LOS ANGELES — Imogen Poots is delivering a raw, full-body performance in Kristen Stewart’s feature-directing debut, “The Chronology of Water”, as the drama begins rolling out in select U.S. theaters from Dec. 5, 2025, with U.K. and Irish cinemas set for Feb. 6, 2026. Stewart’s adaptation of Lidia Yuknavitch’s memoir follows a swimmer turned writer as she tries to outrun an abusive childhood and remake trauma into art. Dec. 21, 2025.
The Chronology of Water and the art of making memory physical
Stewart has described the project as less a conventional biopic than a way to translate what Yuknavitch’s book does on the page. Speaking after the Cannes premiere, Stewart told Reuters: “I’m so proud of it. It’s like watching your kid go to school.” She also cited a line that pushed her toward the screen: “Can you hold life and death in the same sentence?”
That push-pull energy defines “The Chronology of Water” on film: memory shards, sensory flashes and sudden quiet where Poots’ face does the heavy lifting. Poots plays Yuknavitch with a volatility that moves from swagger to self-erasure without warning, turning even the character’s worst decisions into something recognizably human. The performance is fearless, but never ornamental.
Stewart’s camera often stays close to the body — water, breath, bruises, ink — as if the story can only be understood through sensation. Poots meets that approach head-on, making the film’s harder turns feel earned rather than engineered.
A long current to the screen for The Chronology of Water
The movie’s arrival closes a loop for a story that readers have been carrying for more than a decade. In a 2011 review, Publishers Weekly noted that the memoir’s events “swim in and out” of one another — a structure that rejects tidy chronology in favor of bodily memory.
Stewart publicly attached herself to the adaptation at Cannes in 2018, when Willamette Week reported she planned to direct the film as her feature debut. Even with Stewart’s profile, the financing took years to assemble; in early 2024, she said she was done taking the easy “yes” until this movie moved forward, according to Them.
Now distribution has caught up to that persistence. The British Film Institute said BFI Distribution will release “The Chronology of Water” in the U.K. and Ireland from Feb. 6, 2026. In the U.S., the film is currently playing in limited release, according to Rotten Tomatoes.

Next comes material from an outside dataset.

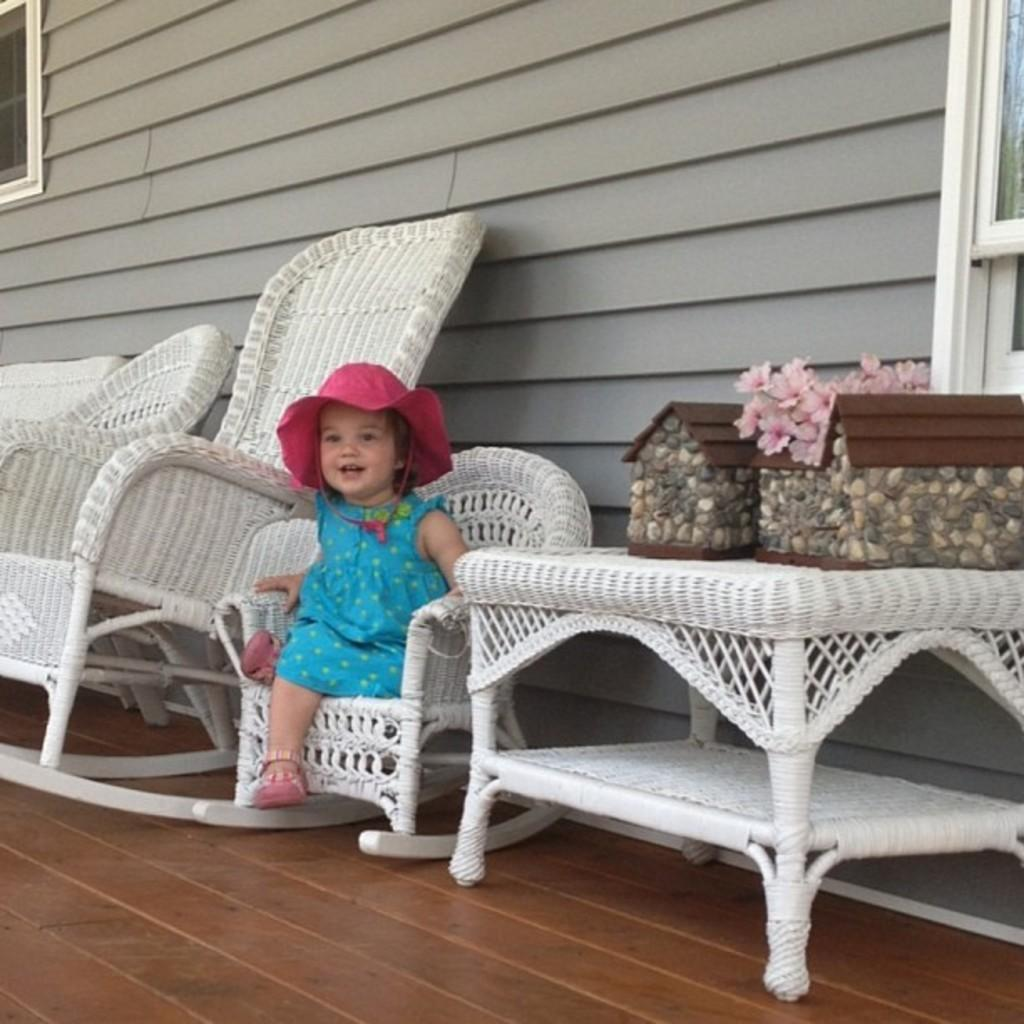What is the main subject of the image? There is a child in the image. What is the child wearing on their head? The child is wearing a hat. What is the child's facial expression? The child is smiling. What can be seen in the image besides the child? There are flowers visible in the image. What is present on a table in the image? There are objects on a table in the image. What can be seen in the background of the image? There is a wall with a window in the background of the image. What type of record can be heard playing in the background of the image? There is no record playing in the background of the image; it is a still image with no sound. What is the child using to whip the flowers in the image? There is no child using a whip in the image; the child is simply smiling and wearing a hat. 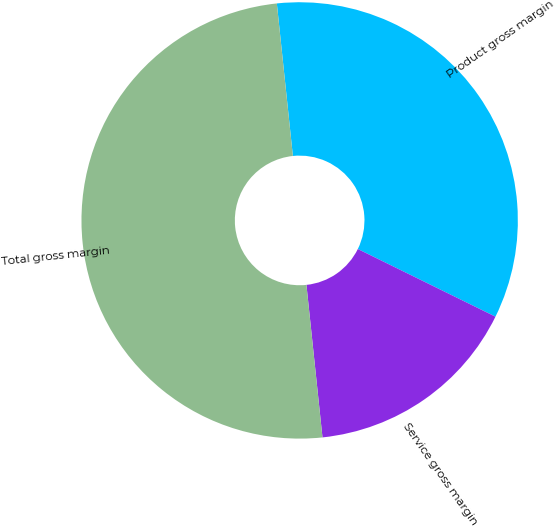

Whether viewers find Stewart’s approach hypnotic or abrasive, most critics agree on one thing: Poots is the anchor. On RogerEbert.com, reviewer Sheila O’Malley argues that Stewart’s earlier short “Come Swim” works as a prelude, and that the new film builds its emotional force by showing how a person learns to shape memories into something survivable.
For audiences, “The Chronology of Water” is likely to be as challenging as it is cathartic: a debut that doesn’t sand down the memoir’s rough edges, and a star turn that refuses to look away.